(Task inputs begins)

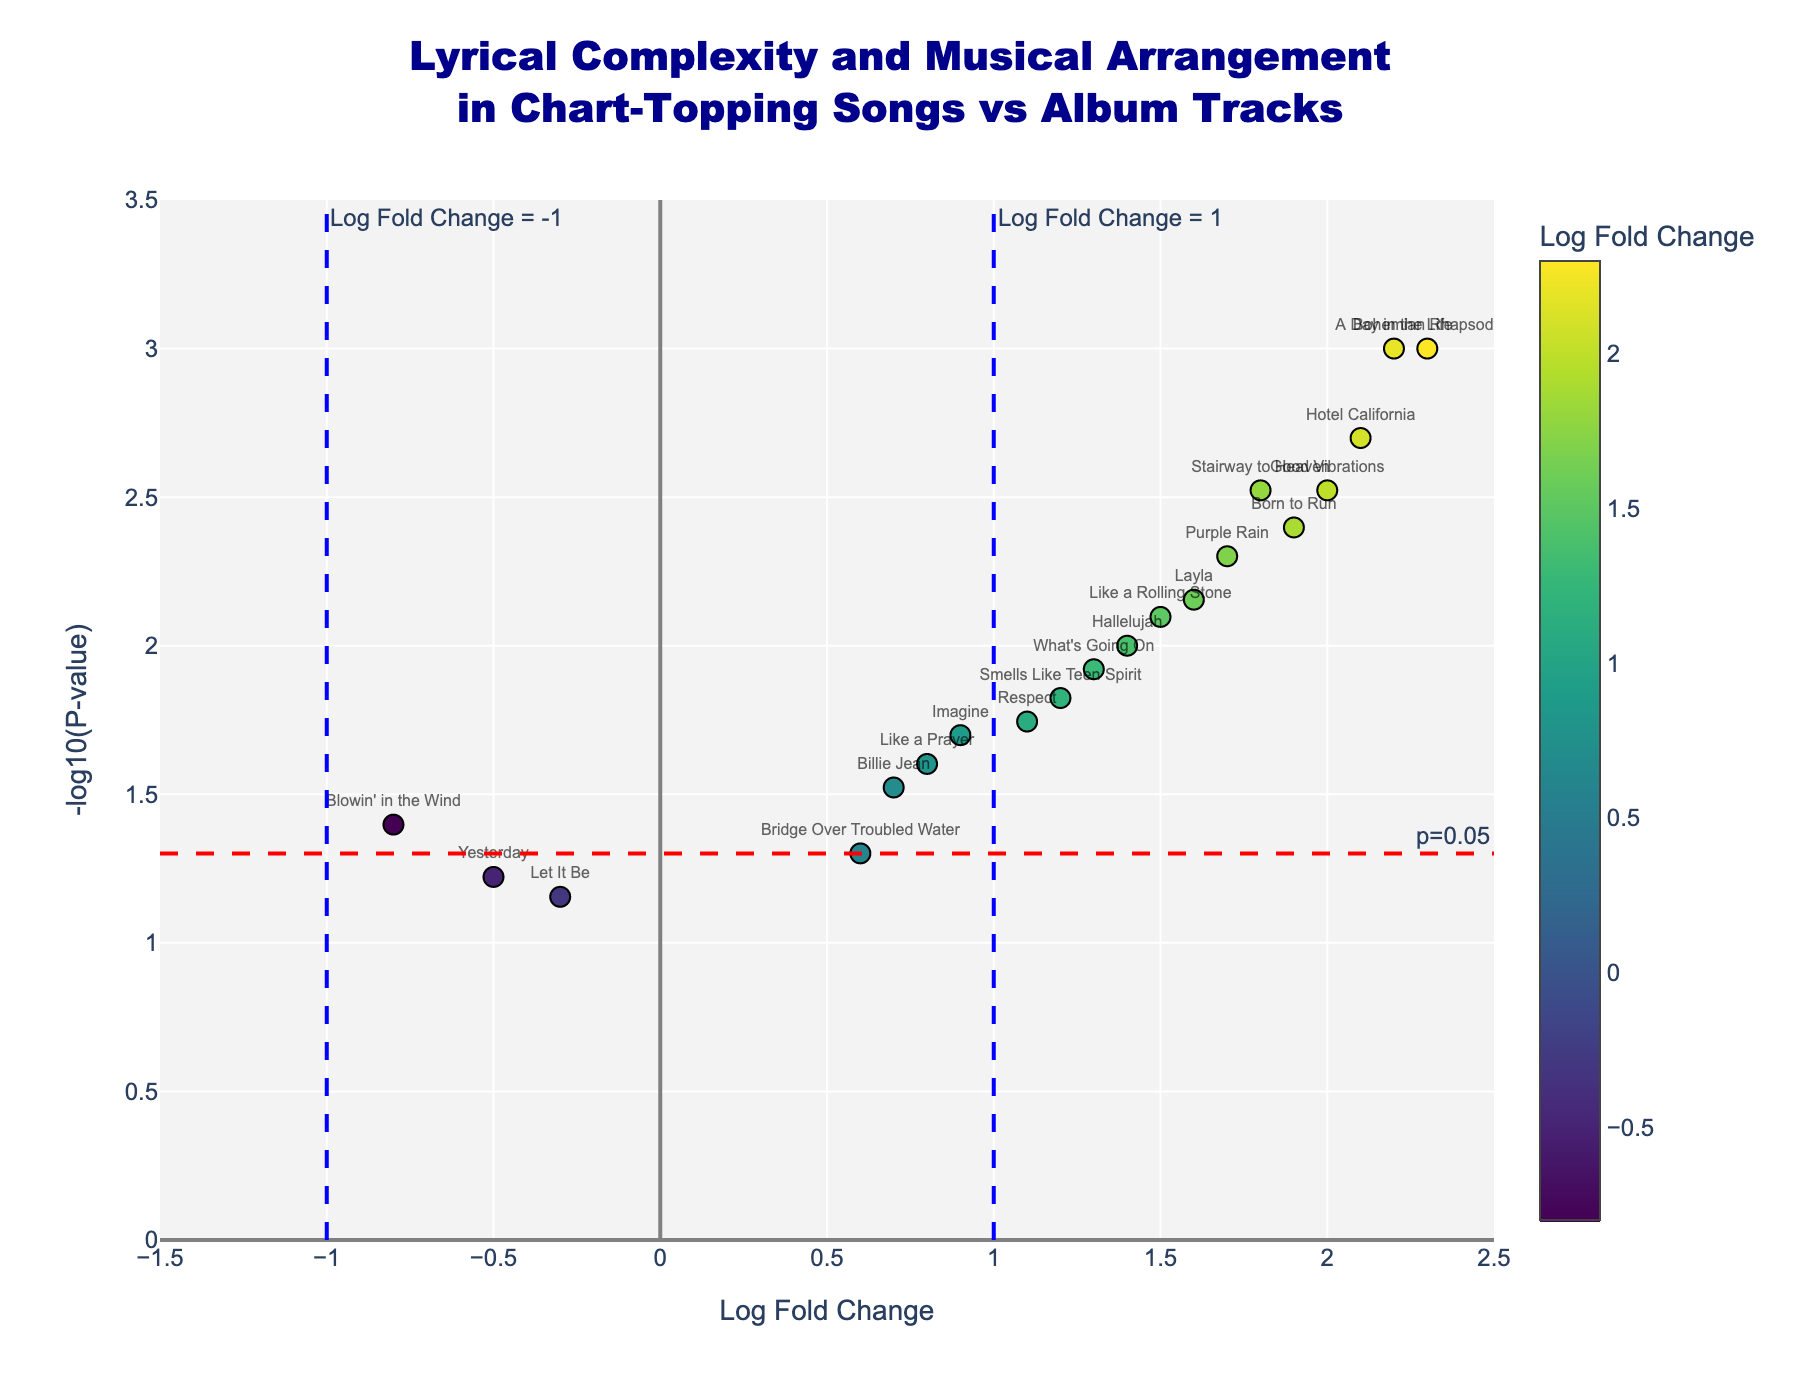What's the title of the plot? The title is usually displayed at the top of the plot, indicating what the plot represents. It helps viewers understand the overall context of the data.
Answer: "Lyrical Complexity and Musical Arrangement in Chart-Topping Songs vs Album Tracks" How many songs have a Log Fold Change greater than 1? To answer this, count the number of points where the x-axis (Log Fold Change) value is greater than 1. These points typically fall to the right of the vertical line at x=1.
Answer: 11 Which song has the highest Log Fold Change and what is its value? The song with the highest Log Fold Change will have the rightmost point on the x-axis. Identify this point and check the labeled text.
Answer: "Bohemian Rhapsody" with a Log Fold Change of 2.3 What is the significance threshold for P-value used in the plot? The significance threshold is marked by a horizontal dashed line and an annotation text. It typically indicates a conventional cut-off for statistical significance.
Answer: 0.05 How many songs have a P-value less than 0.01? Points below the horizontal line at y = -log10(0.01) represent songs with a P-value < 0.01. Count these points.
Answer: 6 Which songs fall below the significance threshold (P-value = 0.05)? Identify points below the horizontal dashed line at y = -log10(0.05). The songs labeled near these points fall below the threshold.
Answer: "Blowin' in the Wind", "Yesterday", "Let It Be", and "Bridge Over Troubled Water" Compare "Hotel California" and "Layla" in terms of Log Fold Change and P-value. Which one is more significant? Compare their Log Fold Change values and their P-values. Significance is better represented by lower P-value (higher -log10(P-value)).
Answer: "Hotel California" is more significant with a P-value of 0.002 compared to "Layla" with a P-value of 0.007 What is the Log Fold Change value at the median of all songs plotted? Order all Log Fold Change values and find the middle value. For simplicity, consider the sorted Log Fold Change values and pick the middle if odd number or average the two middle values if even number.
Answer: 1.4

(Task inputs ends)
(Task inputs begins)

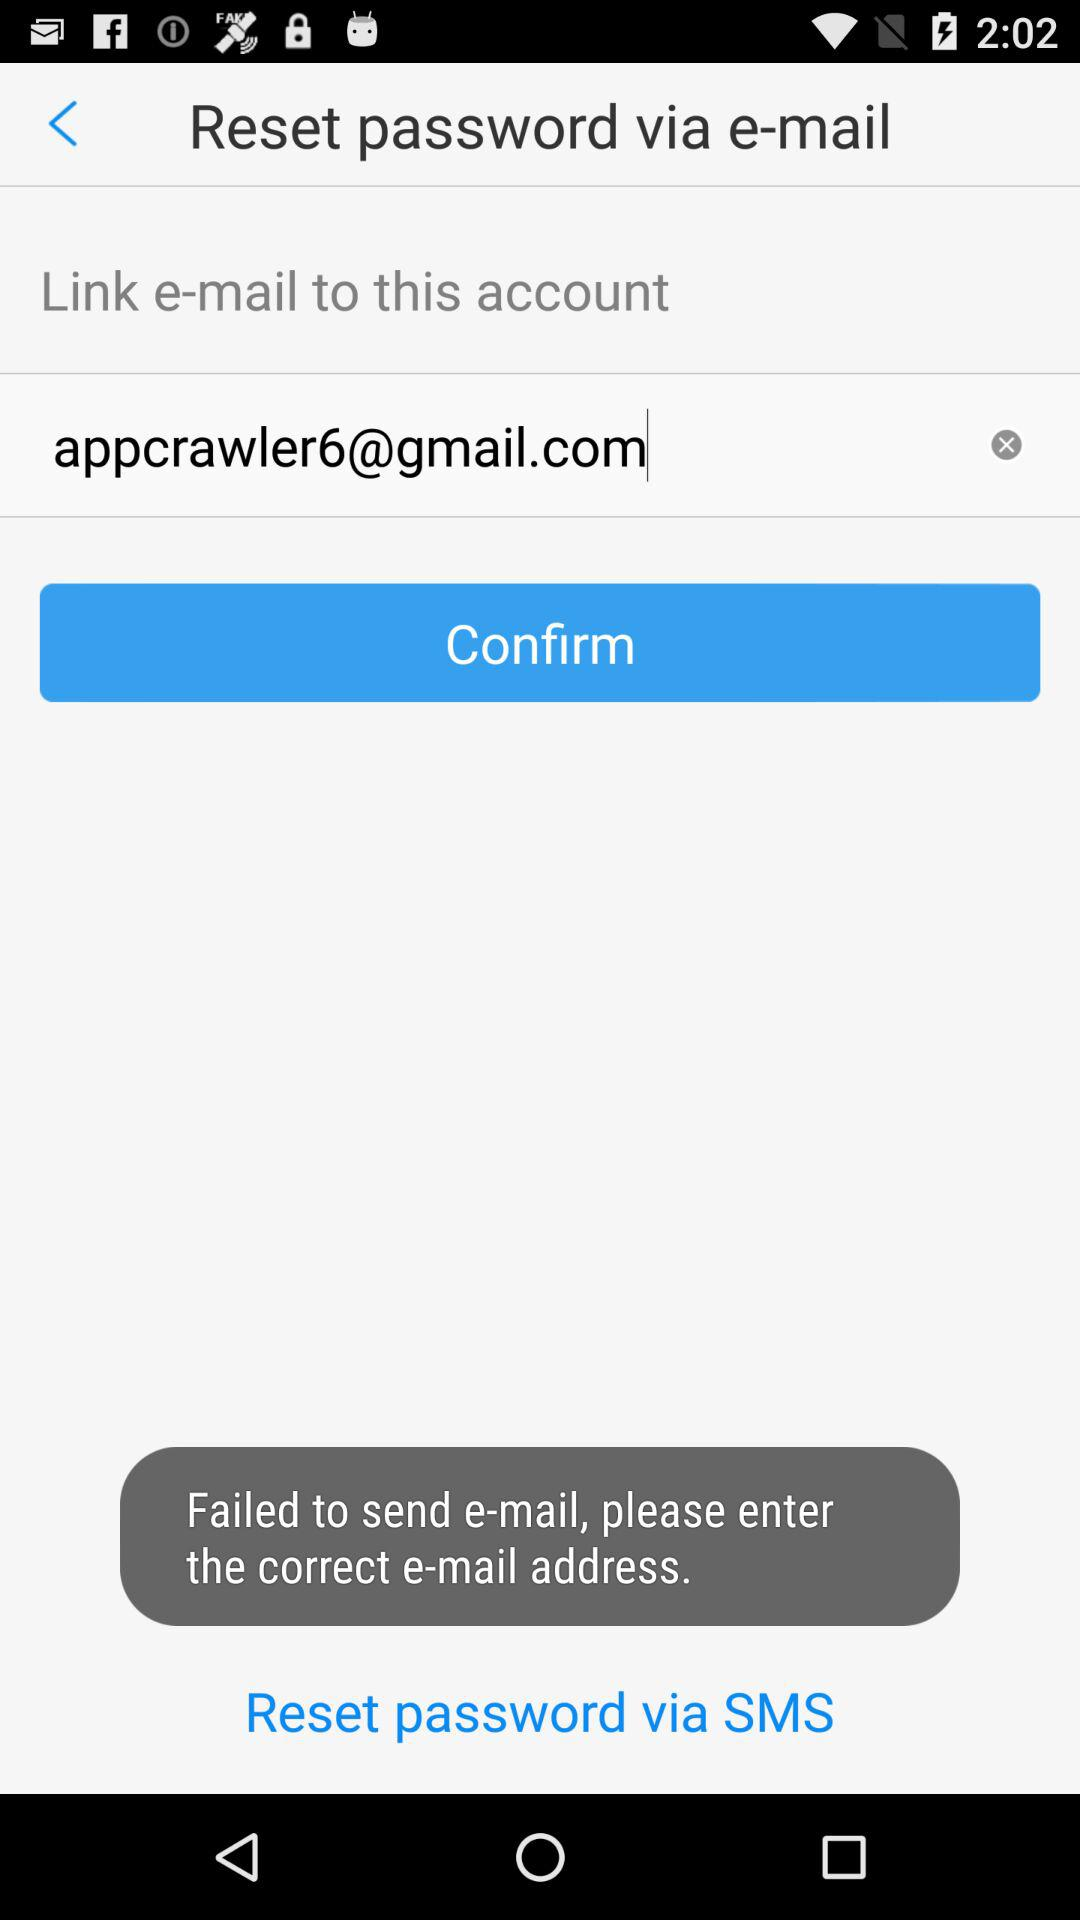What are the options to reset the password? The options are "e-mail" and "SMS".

(Task inputs ends)
(Task inputs begins)

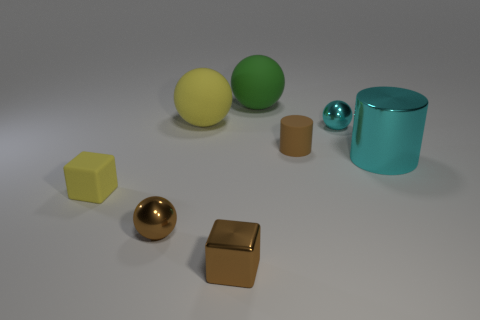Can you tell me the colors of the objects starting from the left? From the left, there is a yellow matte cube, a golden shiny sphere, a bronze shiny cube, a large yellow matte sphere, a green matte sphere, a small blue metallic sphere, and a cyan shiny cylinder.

(Task inputs ends)

Problem to work on ->
Please copy the lines above from the line with "Answer: 6 Which" up to and including the line with "P-value (higher -log10(P-value)).", exactly as written and with nothing else.

The completed task ->
Answer: 6 Which songs fall below the significance threshold (P-value = 0.05)? Identify points below the horizontal dashed line at y = -log10(0.05). The songs labeled near these points fall below the threshold.
Answer: "Blowin' in the Wind", "Yesterday", "Let It Be", and "Bridge Over Troubled Water" Compare "Hotel California" and "Layla" in terms of Log Fold Change and P-value. Which one is more significant? Compare their Log Fold Change values and their P-values. Significance is better represented by lower P-value (higher -log10(P-value)).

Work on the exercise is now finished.